Here we present an open-source R package ‘meaRtools’ that provides a platform for analyzing neuronal networks recorded on Microelectrode Arrays (MEAs). Cultured neuronal networks monitored with MEAs are now being widely used to characterize in vitro models of neurological disorders and to evaluate pharmaceutical compounds. meaRtools provides core algorithms for MEA spike train analysis, feature extraction, statistical analysis and plotting of multiple MEA recordings with multiple genotypes and treatments. meaRtools functionality covers novel solutions for spike train analysis, including algorithms to assess electrode cross-correlation using the spike train tiling coefficient (STTC), mutual information, synchronized bursts and entropy within cultured wells.

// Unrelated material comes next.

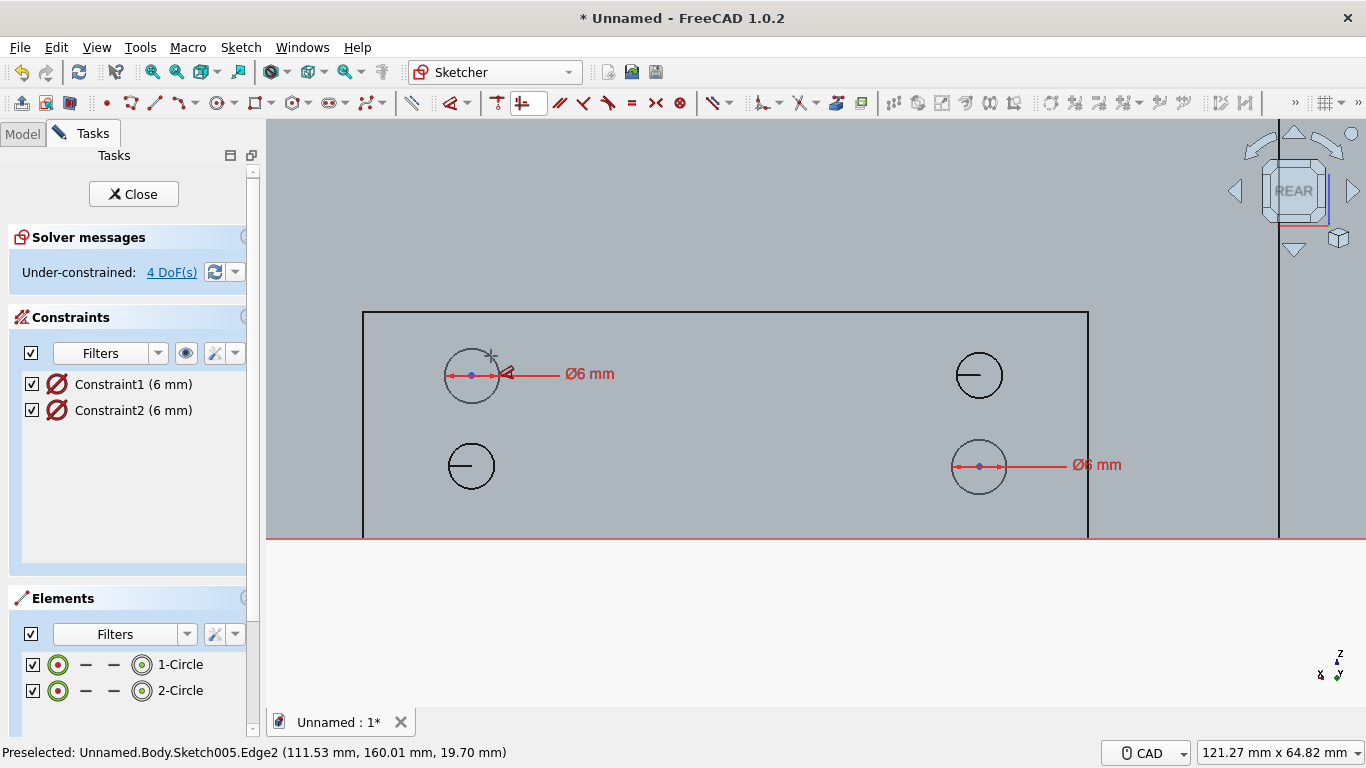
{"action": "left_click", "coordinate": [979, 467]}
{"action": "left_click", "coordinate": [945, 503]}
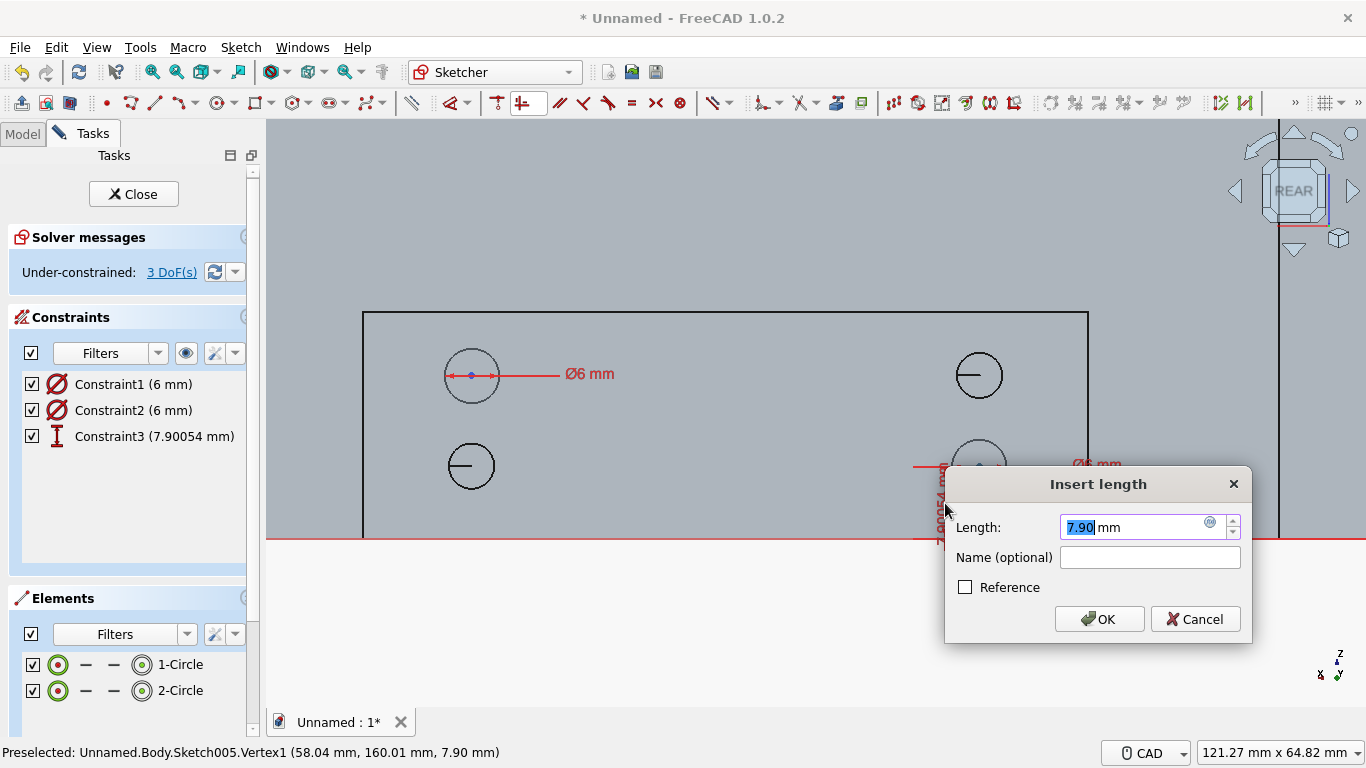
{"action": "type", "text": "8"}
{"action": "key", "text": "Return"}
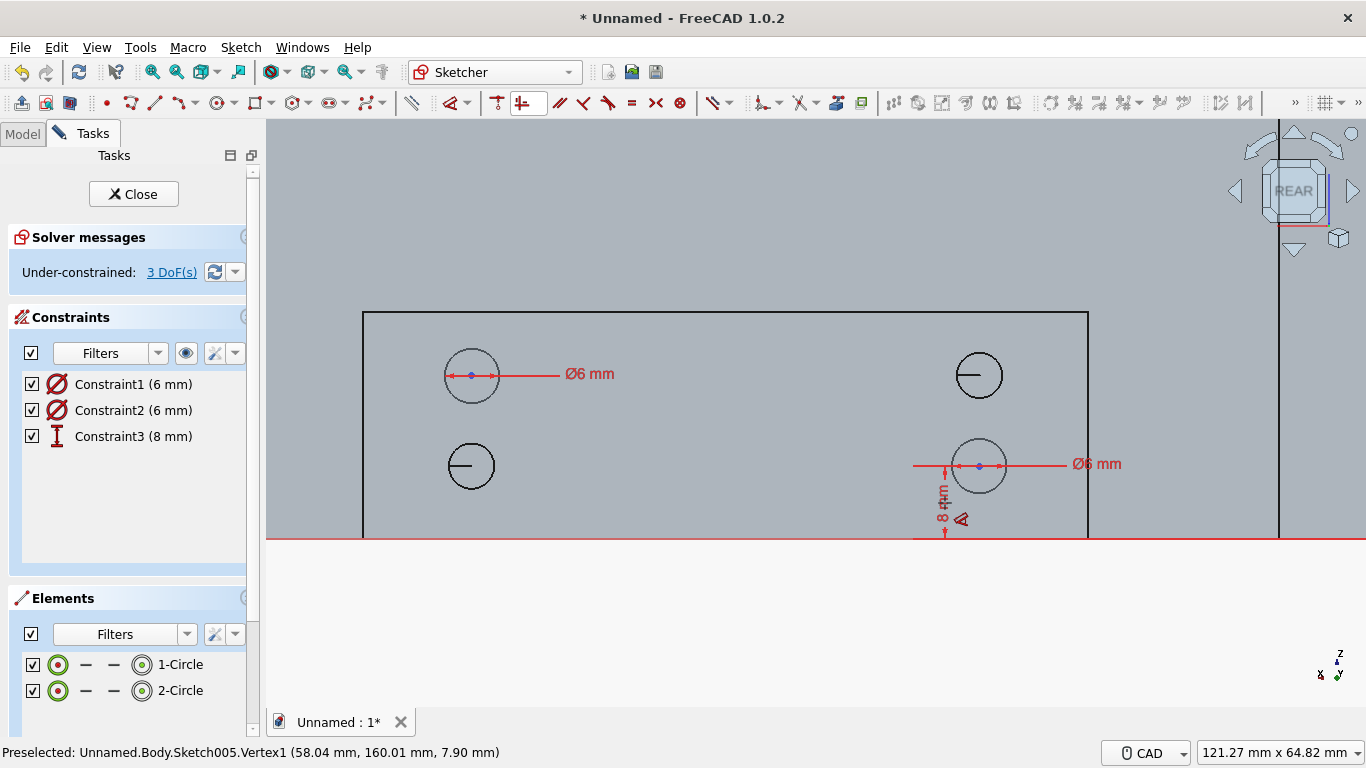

Also integrated is a solution to account for bursts variability originating from mixed-cell neuronal cultures. The package provides a statistical platform built specifically for MEA data that can combine multiple MEA recordings and compare extracted features between different genetic models or treatments. We demonstrate the utilization of meaRtools to successfully identify epilepsy-like phenotypes in neuronal networks from Celf4 knockout mice. The package is freely available under the GPL license (GPL> = 3) and is updated frequently on the CRAN web-server repository. The package, along with full documentation can be downloaded from: https://cran.r-project.org/web/packages/meaRtools/.

Suggested Citation

  • Sahar Gelfman & Quanli Wang & Yi-Fan Lu & Diana Hall & Christopher D Bostick & Ryan Dhindsa & Matt Halvorsen & K Melodi McSweeney & Ellese Cotterill & Tom Edinburgh & Michael A Beaumont & Wayne N Fran, 2018. "meaRtools: An R package for the analysis of neuronal networks recorded on microelectrode arrays," PLOS Computational Biology, Public Library of Science, vol. 14(10), pages 1-20, October.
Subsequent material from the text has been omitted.